On the other hand, an independent evaluation of Success for All by Elizabeth Jones and Gary and Denise Gottfredson of the University of Maryland showed an average effect of near zero--that is, Success for All students scored about the 50th percentile or the same as matched control groups. In five of 10 comparisons, the Maryland group found that control groups outscored Success for All students. The Maryland group also compiled six estimated effects from other independent evaluations of Success for All. In two cases, Success for All students did better than control groups; in two cases, the differences were not educationally significant; and in two instances, control groups outscored Success for All students.
Success for All's expressed goal is to bring all children to or near grade level by 3rd grade so they may progress normally in the later grades. In another independent evaluation, Richard Venezky of the University of Delaware pointed out: "According to the project's own reports, Success for All has clearly not led to all students' achieving at or near grade level by the end of grade 3, even with only reading and language arts [which Success for All emphasizes] included in the outcomes assessment." Mr. Slavin and Ms. Fashola make no mention of their own negative findings in their Kappan report.
|Federal funds continue to support the promulgation and biased evaluation of failed programs.|
Mr. Venezky carried out a Success for All evaluation in Baltimore, where the program originated and should do well. He, nonetheless, concluded that the average Success for All student failed to reach grade-level performance by the end of grade 3. Even with further Success for All instruction, students continued to fall further behind national norms. By the end of 5th grade, they were almost 2.4 years behind.
Thus, the Success for All developers and independent reviewers differ hugely in their estimates of its effectiveness.
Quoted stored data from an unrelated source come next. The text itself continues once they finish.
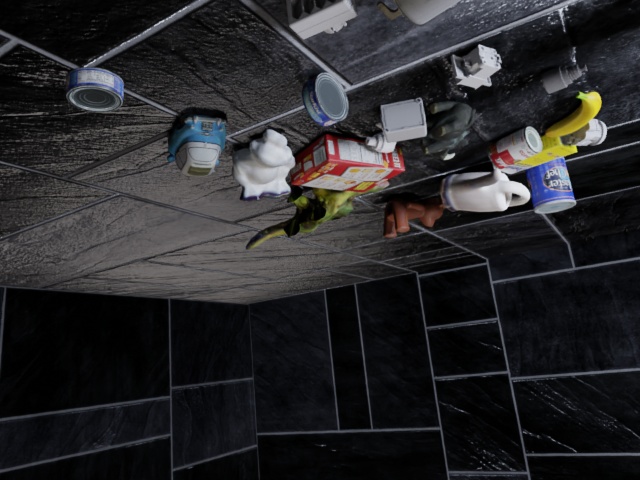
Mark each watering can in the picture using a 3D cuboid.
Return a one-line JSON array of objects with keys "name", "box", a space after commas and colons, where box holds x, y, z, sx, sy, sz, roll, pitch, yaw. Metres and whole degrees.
[{"name": "watering can", "box": [0.418, -0.135, 1.349, 0.224, 0.105, 0.346, 2, 172, 33]}]

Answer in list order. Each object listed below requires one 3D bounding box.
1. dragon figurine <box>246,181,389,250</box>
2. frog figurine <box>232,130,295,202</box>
[{"name": "dragon figurine", "box": [0.004, -0.071, 1.419, 0.405, 0.124, 0.242, -30, 160, 28]}, {"name": "frog figurine", "box": [-0.122, -0.175, 1.112, 0.137, 0.126, 0.155, 3, 128, -2]}]
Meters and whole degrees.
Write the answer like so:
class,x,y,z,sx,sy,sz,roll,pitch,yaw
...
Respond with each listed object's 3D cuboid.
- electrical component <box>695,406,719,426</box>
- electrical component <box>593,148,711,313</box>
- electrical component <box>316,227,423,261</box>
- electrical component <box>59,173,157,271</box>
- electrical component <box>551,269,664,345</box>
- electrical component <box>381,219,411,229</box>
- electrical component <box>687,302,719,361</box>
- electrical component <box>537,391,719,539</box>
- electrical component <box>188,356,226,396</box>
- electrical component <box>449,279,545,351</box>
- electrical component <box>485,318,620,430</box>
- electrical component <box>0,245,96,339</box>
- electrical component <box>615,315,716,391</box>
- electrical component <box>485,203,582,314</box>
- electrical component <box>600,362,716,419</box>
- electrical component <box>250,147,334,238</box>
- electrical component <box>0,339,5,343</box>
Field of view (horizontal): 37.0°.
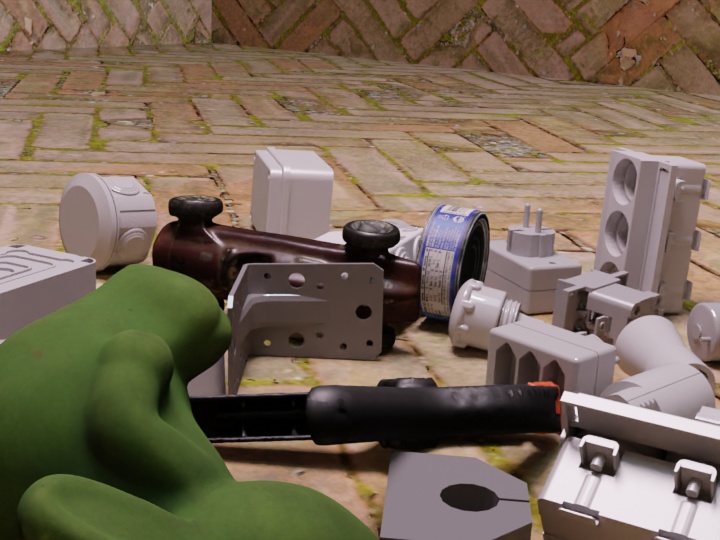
class,x,y,z,sx,sy,sz,roll,pitch,yaw
electrical component,0.176,0.086,0.504,0.077,0.065,0.047,11,39,29
electrical component,0.224,-0.028,0.834,0.063,0.121,0.079,0,16,-18
electrical component,0.000,0.000,0.804,0.100,0.048,0.100,-1,13,23
electrical component,-0.208,-0.040,0.881,0.051,0.080,0.080,-6,17,-45
electrical component,0.177,0.031,0.767,0.064,0.042,0.081,21,24,39
electrical component,0.022,-0.014,0.877,0.055,0.055,0.047,6,12,10
electrical component,0.264,0.042,0.742,0.078,0.040,0.040,0,16,-13
electrical component,0.142,0.102,0.452,0.121,0.078,0.063,11,47,28
electrical component,-0.128,0.054,0.635,0.099,0.064,0.099,4,2,0
electrical component,0.094,0.035,0.734,0.062,0.048,0.048,15,18,12
electrical component,0.125,0.059,0.646,0.077,0.047,0.066,-11,21,-41
electrical component,-0.228,0.027,0.680,0.078,0.057,0.113,10,17,25
electrical component,0.191,0.061,0.666,0.044,0.044,0.065,0,21,-10
electrical component,0.135,-0.014,0.854,0.047,0.075,0.083,-4,17,-22
electrical component,0.152,0.079,0.585,0.081,0.043,0.043,-11,21,-40
electrical component,-0.066,-0.068,1.009,0.057,0.078,0.113,2,16,-14
electrical component,-0.228,0.047,0.559,0.047,0.075,0.083,-6,7,37

Any one or all of the following reasons probably account for these differences:
1. Success for All insists that 80 percent of the teachers vote to adopt the program in a secret ballot, but such schools are unusual in consensus and determination. Even if matched in socioeconomic status to control schools, they are hardly run-of-the-mill schools, where such consensus is rarely reached.
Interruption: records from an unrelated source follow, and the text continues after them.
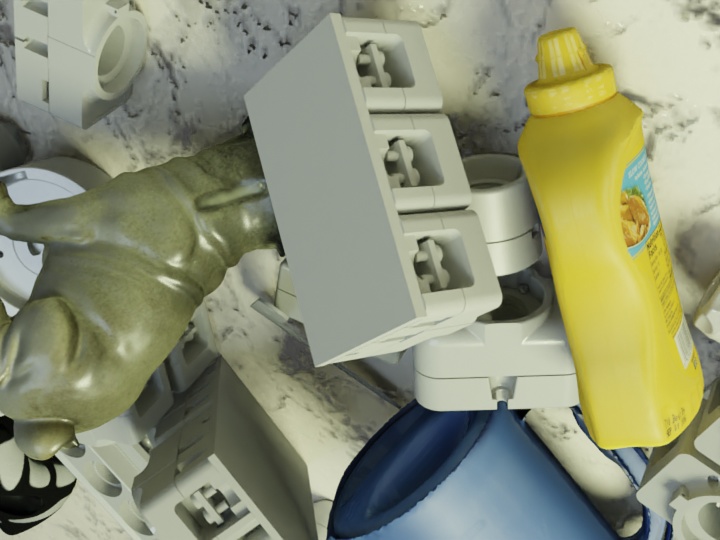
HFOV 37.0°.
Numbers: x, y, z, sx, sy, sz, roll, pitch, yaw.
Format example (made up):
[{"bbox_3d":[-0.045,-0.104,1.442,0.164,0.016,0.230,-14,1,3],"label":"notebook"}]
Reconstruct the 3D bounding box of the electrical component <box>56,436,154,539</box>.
[{"bbox_3d":[-0.180,0.141,0.824,0.079,0.063,0.121,-30,104,41],"label":"electrical component"}]

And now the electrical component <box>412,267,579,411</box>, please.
[{"bbox_3d":[0.076,0.037,0.588,0.095,0.053,0.059,-2,124,4],"label":"electrical component"}]

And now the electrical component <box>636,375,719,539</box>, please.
[{"bbox_3d":[0.255,0.133,0.565,0.186,0.060,0.105,34,133,4],"label":"electrical component"}]

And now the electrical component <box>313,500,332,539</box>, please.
[{"bbox_3d":[-0.023,0.227,0.796,0.054,0.059,0.095,-24,108,40],"label":"electrical component"}]

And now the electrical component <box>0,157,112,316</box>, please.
[{"bbox_3d":[-0.200,-0.023,0.713,0.108,0.060,0.108,3,110,8],"label":"electrical component"}]

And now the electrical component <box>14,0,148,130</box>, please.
[{"bbox_3d":[-0.161,-0.134,0.623,0.056,0.050,0.089,25,132,13],"label":"electrical component"}]

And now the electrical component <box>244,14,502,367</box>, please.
[{"bbox_3d":[0.006,-0.038,0.537,0.089,0.062,0.150,-30,71,51],"label":"electrical component"}]

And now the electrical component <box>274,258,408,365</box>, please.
[{"bbox_3d":[0.000,0.000,0.627,0.083,0.047,0.075,24,131,14],"label":"electrical component"}]

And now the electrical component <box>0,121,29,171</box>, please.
[{"bbox_3d":[-0.255,-0.072,0.715,0.043,0.062,0.043,16,128,21],"label":"electrical component"}]

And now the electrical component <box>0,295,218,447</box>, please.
[{"bbox_3d":[-0.206,0.055,0.748,0.186,0.105,0.060,8,126,26],"label":"electrical component"}]

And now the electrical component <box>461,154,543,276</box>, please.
[{"bbox_3d":[0.067,-0.030,0.563,0.055,0.055,0.047,7,122,26],"label":"electrical component"}]

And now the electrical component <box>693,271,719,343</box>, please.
[{"bbox_3d":[0.201,0.025,0.530,0.062,0.043,0.043,31,132,6],"label":"electrical component"}]

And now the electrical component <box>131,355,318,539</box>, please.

2. Success for All concentrates on reading, possibly sacrificing math, science, and other subjects. Reading results are misleading estimates of the program's overall effects on the broad range of primary school subjects and skills.
3. Unlike standardized national achievement tests used by independent evaluators, Success for All employs individually administered tests that favor the program and which are subject to biased impressions and scoring by Success for All's own evaluators.
4. In its Kappan comparisons with other programs, Success for All cites its own positive effects, not its own negative findings, nor the negative findings of independent evaluations.
The Success for All evaluation story is hardly unique. The poor progress of American students during the school years relative to those in other countries is a national tragedy, sadder still among poor and minority students who tend to fall even further behind. Five independent evaluations of the $7 billion-per-year Chapter 1 program for disadvantaged children showed little achievement difference between program and control groups.
Yet federal funds continue to support the promulgation and biased evaluation of failed programs. This is worse than doing nothing. It wastes vast resources, obscures the problem, and delays productive solutions. Diogenes, lend us your lantern.
Herbert J. Walberg is a research professor of education and psychology at the University of Illinois at Chicago. Rebecca C. Greenberg is a doctoral student at the university.